16 March 2013

Customs inquiries sniff out compromised officers

Customs and Border Protection authorities conducted 700 secret inquiries into staff in just three years, two-thirds of which led to adverse findings, raising serious questions about the integrity of the organisation charged with policing the country's borders.

The cases, unearthed by a Fairfax investigation, examined allegations that included the trafficking of weapons and drugs, large-scale fraud and the pilfering of sensitive Customs intelligence.

The allegations are contained in previously classified Internal Affairs records that underscore the enduring vulnerability of the service to infiltration by organised crime, after a recent police taskforce arrested 17 people, including four allegedly corrupt Customs officers.

The files, obtained after a freedom-of-information fight that lasted two years, show senior executives have long known that Customs officials have been linked to groups such as bikie gangs, African crime syndicates, the Italian Mafia and even suspected terrorists.

They also expose the institutional failures and under-resourcing that have gravely compromised Customs' ability to properly investigate itself over the past decade.
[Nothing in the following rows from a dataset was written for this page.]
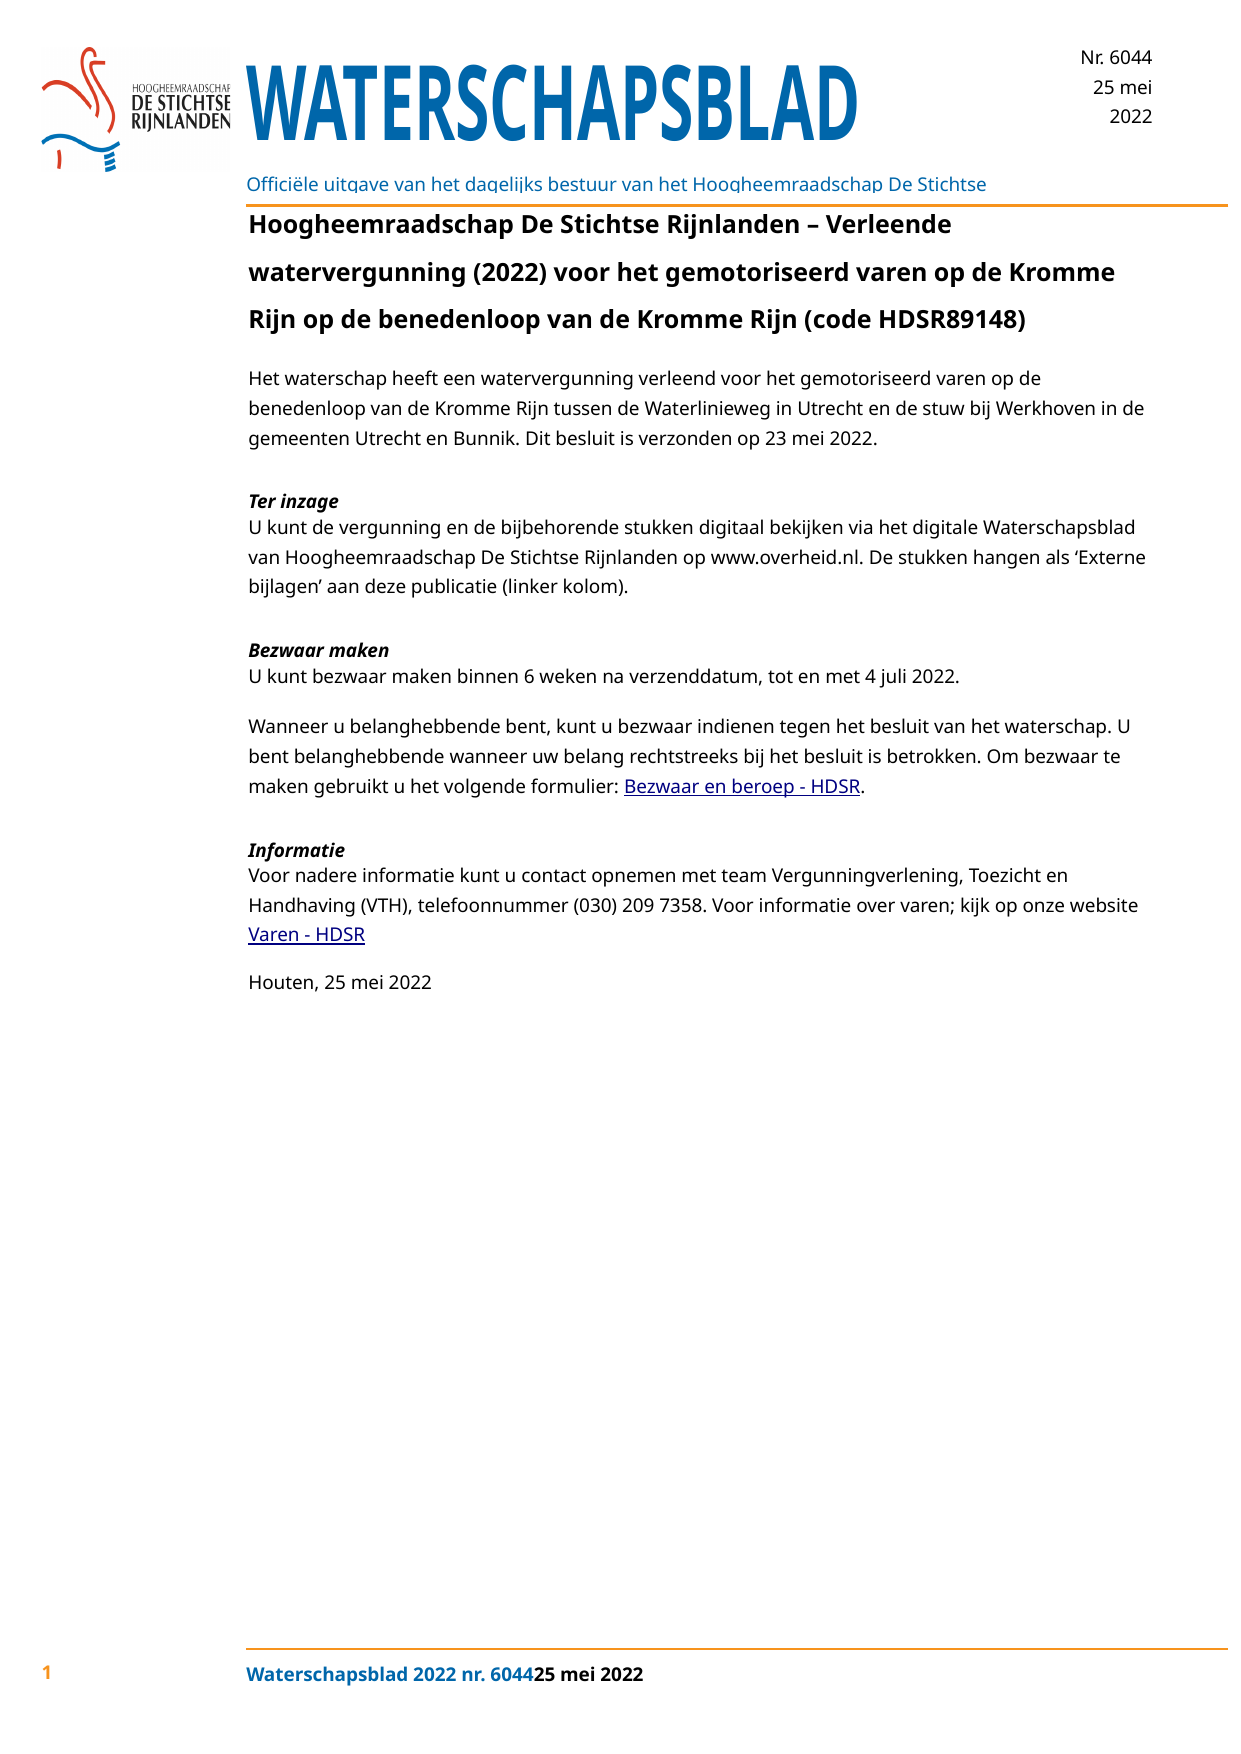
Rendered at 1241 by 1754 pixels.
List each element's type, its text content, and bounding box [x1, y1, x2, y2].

picture [41, 47, 231, 172]
text Het waterschap heeft een watervergunning verleend voor het gemotoriseerd varen op de benedenloop van de Kromme Rijn tussen de Waterlinieweg in Utrecht en de stuw bij Werkhoven in de gemeenten Utrecht en Bunnik. Dit besluit is verzonden op 23 mei 2022. [248, 366, 1152, 450]
text Houten, 25 mei 2022 [248, 969, 1152, 995]
text Voor nadere informatie kunt u contact opnemen met team Vergunningverlening, Toezicht en Handhaving (VTH), telefoonnummer (030) 209 7358. Voor informatie over varen; kijk op onze website Varen - HDSR [248, 862, 1152, 947]
text Hoogheemraadschap De Stichtse Rijnlanden – Verleende watervergunning (2022) voor het gemotoriseerd varen op de Kromme Rijn op de benedenloop van de Kromme Rijn (code HDSR89148) [248, 207, 1152, 336]
text Ter inzage [248, 489, 1152, 514]
text U kunt bezwaar maken binnen 6 weken na verzenddatum, tot en met 4 juli 2022. [248, 663, 1152, 689]
text Informatie [248, 837, 1152, 862]
text Wanneer u belanghebbende bent, kunt u bezwaar indienen tegen het besluit van het waterschap. U bent belanghebbende wanneer uw belang rechtstreeks bij het besluit is betrokken. Om bezwaar te maken gebruikt u het volgende formulier: Bezwaar en beroep - HDSR. [248, 714, 1152, 798]
text U kunt de vergunning en de bijbehorende stukken digitaal bekijken via het digitale Waterschapsblad van Hoogheemraadschap De Stichtse Rijnlanden op www.overheid.nl. De stukken hangen als ‘Externe bijlagen’ aan deze publicatie (linker kolom). [248, 514, 1152, 599]
text Bezwaar maken [248, 637, 1152, 663]

The new head of Customs, Mike Pezzullo, told Fairfax Media he was determined to overhaul the service's internal professional standards unit, to bring it up to ''the highest calibre'' and place it ''beyond reproach''.
''I am inclined to the view that some of these standards have not been necessarily met in the past,'' he admitted.

The logs reveal that 930 individual matters were referred to professional standards officers between 2007 and 2010, of which 527 were substantiated. Despite this, Customs could point to only five prosecutions.
Of the total, 166 were unproven, 206 were found to relate to other agencies, and 522 were dealt with as an internal disciplinary matter.

Smuggling allegations covered not just drugs and illicit tobacco but exotic animals and, in one case, children. The files show that crime groups attempted to bribe officers with amounts of up to $80,000.

At least 11 officers resigned between 2008-09 and 2010-11 before inquiries into their conduct could be completed, effectively suspending those investigations.

Since the dossier was compiled, Customs has embarked on a reform program and Home Affairs Minister Jason Clare and Mr Pezzullo have vowed to root out corruption. Customs is among several agencies now allowed to conduct covert integrity testing as well as drug and alcohol testing. As of February 14, it also demands the mandatory reporting of misconduct.

Mr Pezzullo is centralising Customs' internal affairs unit, and increasing its resources. It now boasts 10 dedicated investigators to monitor the organisation's 5000 staff; three years ago it had only five.

But despite a statement by Mr Clare to the contrary, Mr Pezzullo still lacks the power to terminate an employee known to be closely associated with organised crime figures on that ground alone, Fairfax has established.

Several investigations - including at least seven inquiries into fellow investigations or intelligence staff - raise questions about the management of sensitive Internal Affairs cases, including those involving high-level leaks and suspect associations with drug runners.

In October 2008, for example, an internal inquiry into an officer from ''Enforcement and Investigations'' was marked ''file to be closed''. The officer was alleged to be linked to a ''syndicate responsible for the importation of approx 100kgs of MDMA tablets and 140kg of cocaine''. Customs now says this friendship was with a third party who was linked to the syndicate and thus was not substantiated; yet the contemporaneous record of the investigation says her ''associations have been confirmed''.

theage.com.au  16 Mar 2013

Corrupt customs officers have been co-operating with criminal syndicates for decades with little or no intervention from authorities.

Articles have been written with respect to the amount of criminals in customs, with convictions which the government knowingly employed.

Customs officers run a sophisticated drug trade route, with their superior's knowledge.

Another lax approach to organised crime, by a government supporting criminal activities.
 
The real figure may never be reported by the corporate media.